LGBTİ+ bayrağıyla yürüdüğü için gözaltına alınan arkadaşlarımıza destek vermek isteyen arkadaşlarımız da geçen günlerde gözaltına alındı. Arkadaşlarımız şimdi serbest ancak haftalardır süren Boğaziçi direnişi nedeniyle tutuklanan, ev hapsinde olan arkadaşlarımız var. Hepsi aklımızda.
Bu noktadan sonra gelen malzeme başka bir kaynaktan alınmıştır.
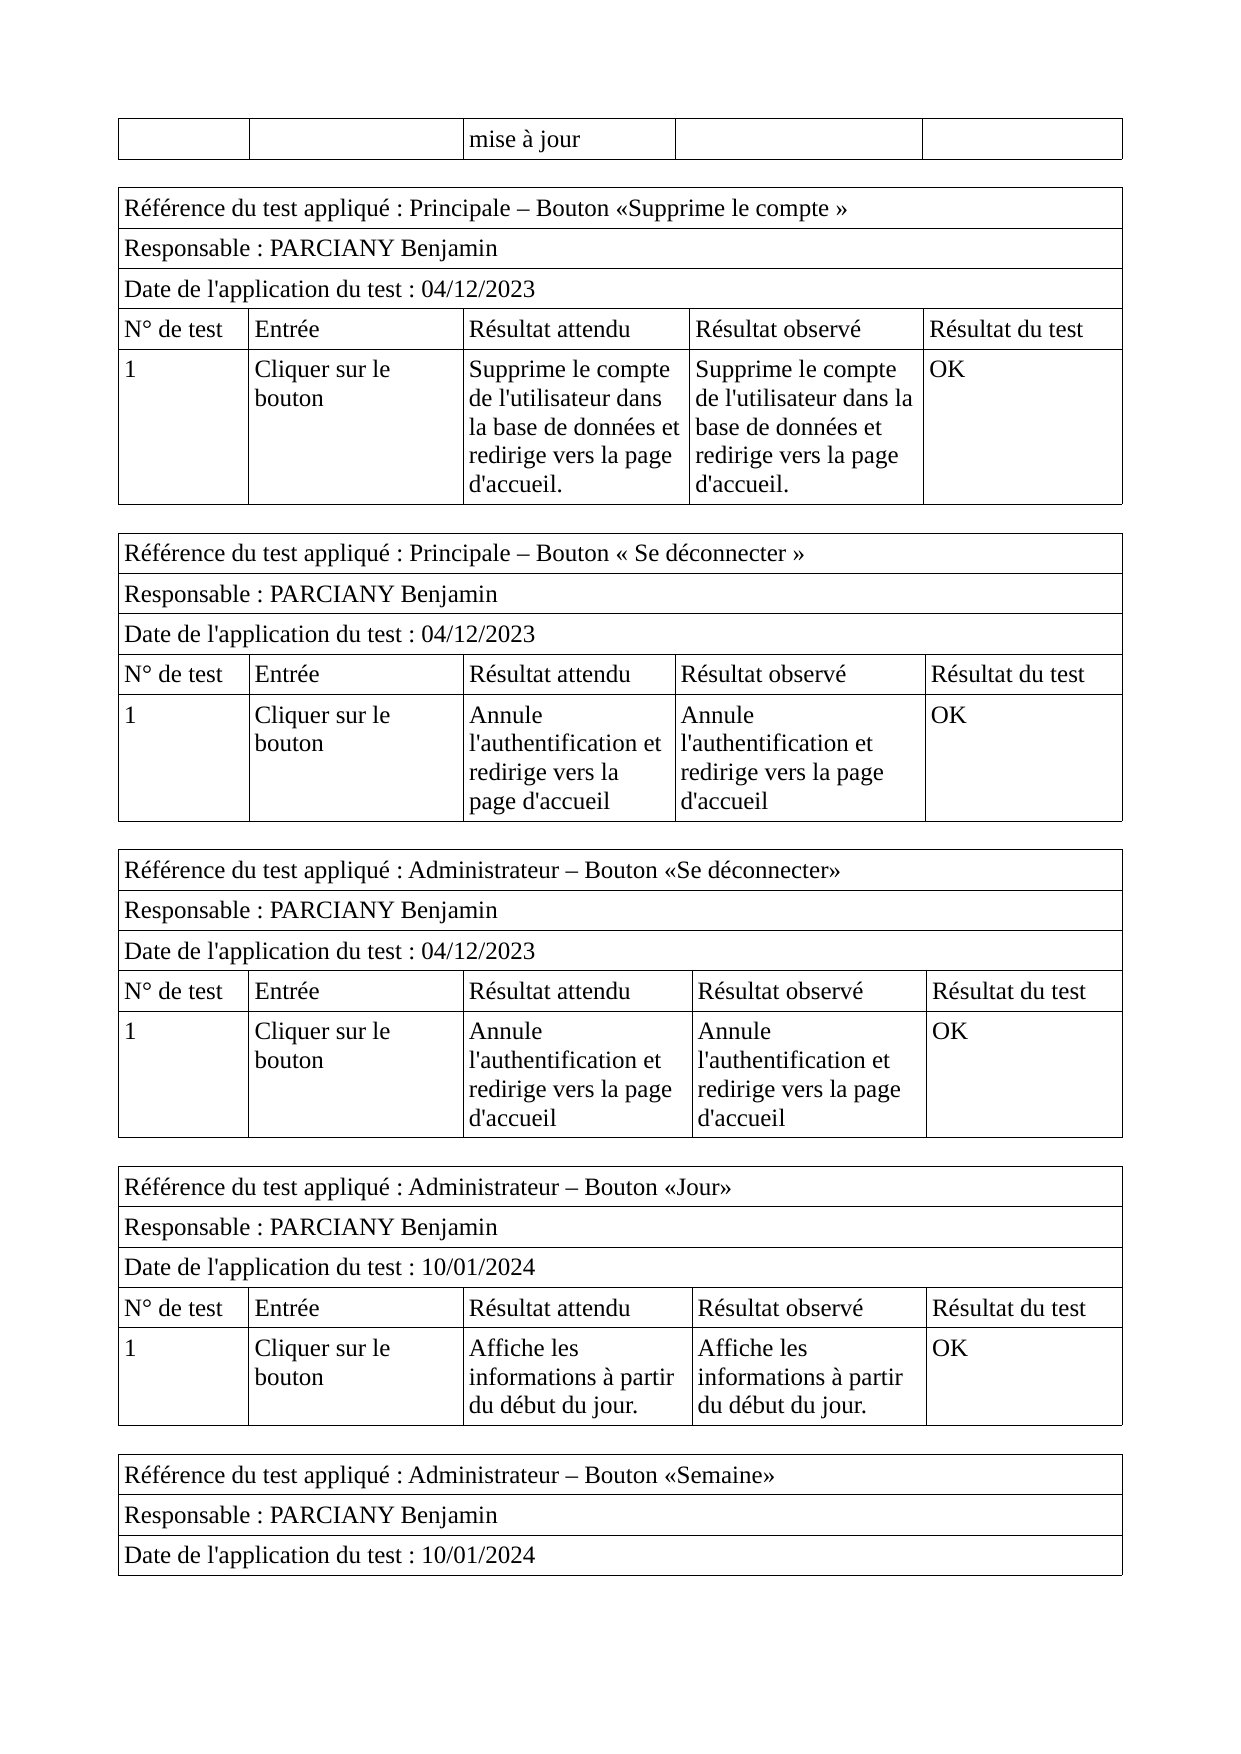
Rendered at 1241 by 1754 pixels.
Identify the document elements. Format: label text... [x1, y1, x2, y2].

table_cell N° de test [119, 309, 248, 348]
table_cell Résultat du test [924, 309, 1122, 348]
table_cell Résultat observé [676, 655, 925, 694]
table_cell [250, 119, 463, 158]
table_cell 1 [119, 1328, 248, 1425]
table_cell OK [927, 1012, 1122, 1137]
table_cell Résultat du test [927, 1288, 1122, 1327]
table_cell N° de test [119, 971, 248, 1011]
table_cell Affiche les informations à partir du début du jour. [693, 1328, 926, 1425]
table_cell 1 [119, 1012, 248, 1137]
table_cell OK [927, 1328, 1122, 1425]
table_cell Cliquer sur le bouton [250, 695, 463, 821]
table_cell Résultat observé [693, 1288, 926, 1327]
table_header Référence du test appliqué : Principale – Bouton « Se déconnecter » [119, 534, 1122, 573]
table_cell Date de l'application du test : 04/12/2023 [119, 614, 1122, 654]
table_cell Annule l'authentification et redirige vers la page d'accueil [464, 695, 675, 821]
table_cell Affiche les informations à partir du début du jour. [464, 1328, 692, 1425]
table_cell N° de test [119, 655, 249, 694]
table_cell Entrée [250, 655, 463, 694]
table_cell 1 [119, 695, 249, 821]
table_cell Responsable : PARCIANY Benjamin [119, 891, 1122, 930]
table_cell Responsable : PARCIANY Benjamin [119, 574, 1122, 613]
table_cell Date de l'application du test : 10/01/2024 [119, 1536, 1122, 1575]
table_cell OK [924, 350, 1122, 504]
table_cell N° de test [119, 1288, 248, 1327]
table_cell [923, 119, 1122, 158]
table_cell Annule l'authentification et redirige vers la page d'accueil [464, 1012, 692, 1137]
table_cell Résultat du test [927, 971, 1122, 1011]
table_cell Supprime le compte de l'utilisateur dans la base de données et redirige vers la page d'accueil. [464, 350, 689, 504]
table_header Référence du test appliqué : Administrateur – Bouton «Semaine» [119, 1455, 1122, 1494]
table_cell Cliquer sur le bouton [249, 1012, 463, 1137]
table_cell Responsable : PARCIANY Benjamin [119, 1495, 1122, 1534]
table_cell Résultat attendu [464, 971, 692, 1011]
table_cell [676, 119, 922, 158]
table_cell Supprime le compte de l'utilisateur dans la base de données et redirige vers la page d'accueil. [690, 350, 923, 504]
table_cell Annule l'authentification et redirige vers la page d'accueil [693, 1012, 926, 1137]
table_cell Entrée [249, 971, 463, 1011]
table_cell Cliquer sur le bouton [249, 1328, 463, 1425]
table_cell OK [926, 695, 1122, 821]
table_cell mise à jour [464, 119, 675, 158]
table_cell 1 [119, 350, 248, 504]
table_cell Date de l'application du test : 04/12/2023 [119, 931, 1122, 970]
table_header Référence du test appliqué : Administrateur – Bouton «Jour» [119, 1167, 1122, 1206]
table_cell Résultat observé [693, 971, 926, 1011]
table_cell Résultat du test [926, 655, 1122, 694]
table_cell [119, 119, 249, 158]
table_header Référence du test appliqué : Administrateur – Bouton «Se déconnecter» [119, 850, 1122, 890]
table_cell Responsable : PARCIANY Benjamin [119, 1207, 1122, 1247]
table_cell Cliquer sur le bouton [249, 350, 463, 504]
table_cell Résultat observé [690, 309, 923, 348]
table_cell Résultat attendu [464, 309, 689, 348]
table_header Référence du test appliqué : Principale – Bouton «Supprime le compte » [119, 188, 1122, 228]
table_cell Annule l'authentification et redirige vers la page d'accueil [676, 695, 925, 821]
table_cell Responsable : PARCIANY Benjamin [119, 229, 1122, 268]
table_cell Date de l'application du test : 10/01/2024 [119, 1248, 1122, 1287]
table_cell Date de l'application du test : 04/12/2023 [119, 269, 1122, 308]
table_cell Résultat attendu [464, 655, 675, 694]
table_cell Entrée [249, 1288, 463, 1327]
table_cell Entrée [249, 309, 463, 348]
table_cell Résultat attendu [464, 1288, 692, 1327]

Onlar cezaevinde bir koğuşta gözlerini açıp orada direnmeye devam ederken onların direnişini de yanımıza katarak mücadele etmeye devam ediyoruz. İktidarın bize yönelik baskısına her geçen gün yeni bir bahane eklese de taleplerimiz net: Arkadaşlarımıza özgürlük, bilim üreten özgür ve demokratik üniversite ve tüm kayyumlara istifa.